To The North (Mihai Mincan)

No es nada nuevo: el mismo ser humano puede encarnar el bien y el mal (entendidos estos extremos en un sentido maniqueo); la oscuridad y la luz; la bondad y el sadismo más perverso. Una guerra que todos y cada uno de nosotros llevamos a cabo con más o menos acierto. Mihai Mincan nos embarca en un thriller de esos que encogen y sobrecogen. A bordo de un transatlántico mercante, Dumitru, un joven de origen rumano, deberá esconderse de los taiwaneses que gobiernan la nave y soportar el tiempo suficiente para llegar a la tierra prometida (que no es otra que los Estados Unidos de América). Joel, marinero filipino, lo descubre, y es entonces cuando entablan una relación paterno-filial y el segundo cuidará al primero. No correrá la misma suerte el compañero del protagonista, que ha sido descubierto poco antes y luego asesinado. Ya desde el arranque se masca la tensión y la atmósfera, brillantemente recreada con la fotografía (conservadora pero eficiente) de George Chiper y la música sintética y pesada de Marius Leftarache. La cinta nos encierra durante unas horas en un infierno laberíntico formado por pasillos estrechos y corredores entre torres y pilares de contenedores, que se alzan hacia el cielo. La claustrofobia está servida. La cámara de se mueve con elegancia y destreza pese al oleaje fogoso del océano.

La primera secuencia de To the North invita a recordar la trágica y reciente Mediterráneo (Marcel Barrena, 2021): sumergidos, nos compadecemos de Dumitru a la vez que rezamos junto al tripulante Joel que, compinchado con algún colaborador no muy convencido, intentará aguantar, durante cuatro angustiosos días, el vaivén del buque. También podemos recordar a lo que hizo el ya fallecido Agustí Villaronga en su última película, El vientre del mar, donde se nos planteaba un drama acuático y que desafiaba al espectador metiéndolo en la piel del inmigrante que ha de arriesgar su vida por la promesa de un futuro más digno.

Y hablando de dignidad, en To the North la religión y la fe tienen un peso importante: el protagonista polizonte guarda una Biblia como un tesoro.
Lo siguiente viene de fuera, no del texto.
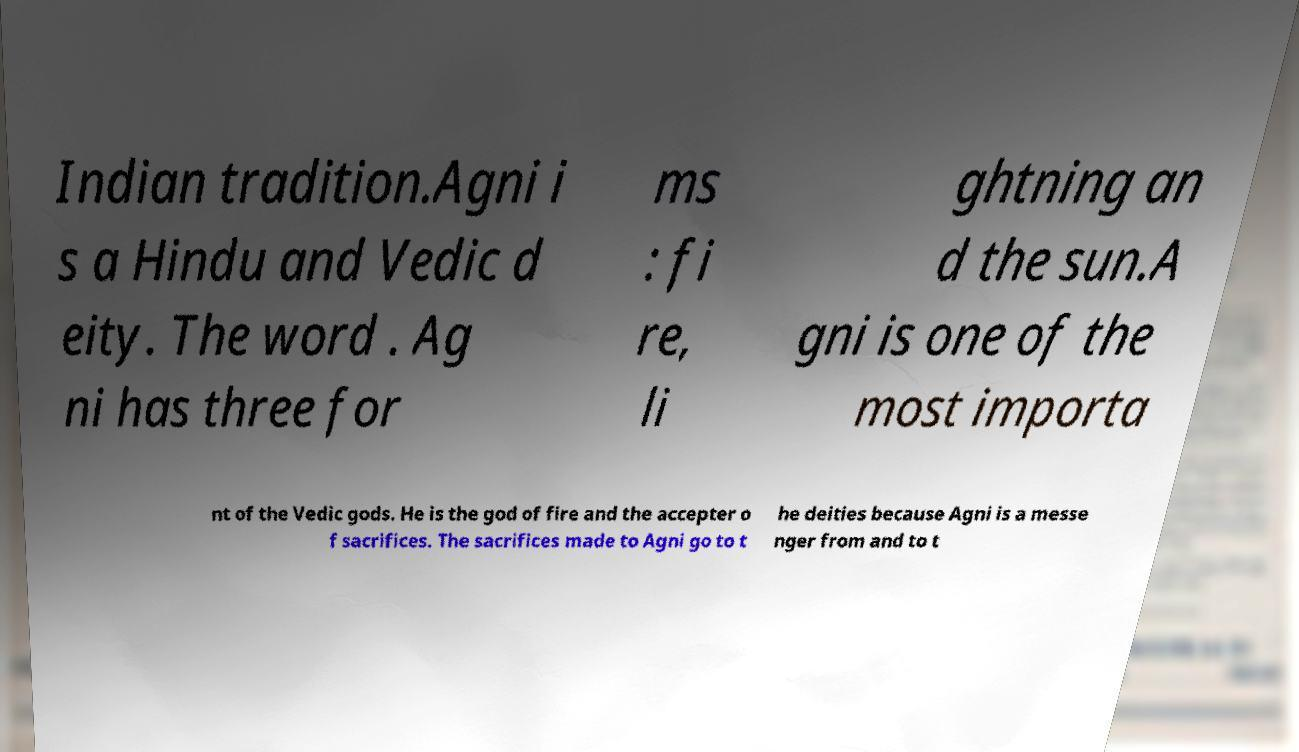There's text embedded in this image that I need extracted. Can you transcribe it verbatim? Indian tradition.Agni i s a Hindu and Vedic d eity. The word . Ag ni has three for ms : fi re, li ghtning an d the sun.A gni is one of the most importa nt of the Vedic gods. He is the god of fire and the accepter o f sacrifices. The sacrifices made to Agni go to t he deities because Agni is a messe nger from and to t

Cree que la va a salvar (no sabemos si de veras está convencido espiritualmente de ello o simplemente se recuesta, desesperado, sobre lo primero que pilla). Hay algo realmente conmovedor y atroz en las muecas de los protagonistas. Los planos se encuadran en lo cercano, se aproximan sin temor tanto a verdugos como a las víctimas. Sanguinaria y nerviosa, la cámara somatiza el óxido color muerte y ese odio instintivo del cazador para ilustrar con crudeza el miedo del perseguido. Parece que el foco, previsor, quiera inmortalizar esas caras, esas miradas, esas sonrisas interrumpidas y frustradas, esos gestos de humanidad. Irrumpe una escena de sobremesa (encuadre fijado a media altura, sentando a los espectadores con los comensales) que nos recuerda a la fatídica As bestas. De nuevo, una hipertensión que nos congela y nos mantiene en vilo. Mincan logra mantenernos conectados a su trama. Nos convierte en los confidentes de su carguero. También en cómplices del intento de salvación. Uno de los oficiales profiere: «Nunca hablamos del mar». Nos advierte, también a nosotros, que lo que pasa en medio de la inmensidad, en esa suerte de no lugar, donde el tiempo parece paralizarse, no hay normas. Y si no fuera por las muestras de piedad de Joel hacia el muchacho, estaríamos hablando de una barbarie. Por eso es importante, por ejemplo, que la humanidad empiece justo cuando ellos dos se presentan y se intercambian los nombres. Parecería una pequeña muestra de formalidad cotidiana, pero es mucho más que eso: es el principio de la humanización; la fundación de una pequeña civilización entre los dos protagonistas.

Augura el director, quizás, un final tremebundo. El único posible, manifestado en una secuencia última espectacular, cuidada y epopéyica. Porque pese a que esto es ficción, también es denuncia. El cine ha de servir para impactarnos mediante historias bien explicadas, aunque el peso a pagar sea la ansiedad y el desconsuelo. El cine ha de servir para empaparnos y helarnos. Para cuestionar y amotinarse, si cabe, como Joel: a través de un motín que salve vidas. Así, Mincan parece que quiera recordarnos que esto no es un juego, sino una historia que por mucho que sea contada no hemos de normalizar. Una fábula oscura, cruel y fría, pero que permita entrever una solidaridad instintiva, una dignidad reveladora, una humanidad categórica, una bondad intrínseca y, por suerte, inevitable e irrenunciable.